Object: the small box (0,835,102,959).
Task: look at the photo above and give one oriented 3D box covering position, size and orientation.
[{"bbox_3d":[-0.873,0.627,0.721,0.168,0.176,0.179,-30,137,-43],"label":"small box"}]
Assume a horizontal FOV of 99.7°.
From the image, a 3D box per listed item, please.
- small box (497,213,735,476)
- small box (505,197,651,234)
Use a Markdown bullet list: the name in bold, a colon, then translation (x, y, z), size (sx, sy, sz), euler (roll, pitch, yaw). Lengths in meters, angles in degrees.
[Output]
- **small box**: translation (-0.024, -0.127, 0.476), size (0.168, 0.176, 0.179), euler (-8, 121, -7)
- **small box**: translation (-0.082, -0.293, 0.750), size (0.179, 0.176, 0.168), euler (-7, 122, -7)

+ + + +

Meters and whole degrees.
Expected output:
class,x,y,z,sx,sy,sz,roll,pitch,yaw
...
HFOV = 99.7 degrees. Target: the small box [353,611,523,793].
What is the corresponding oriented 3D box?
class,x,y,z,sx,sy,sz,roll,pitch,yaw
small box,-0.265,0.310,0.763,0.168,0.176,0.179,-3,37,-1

+ + + +

Required action
In the listing above, find the line holding "Object: the small box (0,835,102,959)." and the line holding "- small box (505,197,651,234)", then output those two lines and every line between them exactly.

Finished task
Object: the small box (0,835,102,959).
Task: look at the photo above and give one oriented 3D box covering position, size and orientation.
[{"bbox_3d":[-0.873,0.627,0.721,0.168,0.176,0.179,-30,137,-43],"label":"small box"}]
Assume a horizontal FOV of 99.7°.
From the image, a 3D box per listed item, please.
- small box (497,213,735,476)
- small box (505,197,651,234)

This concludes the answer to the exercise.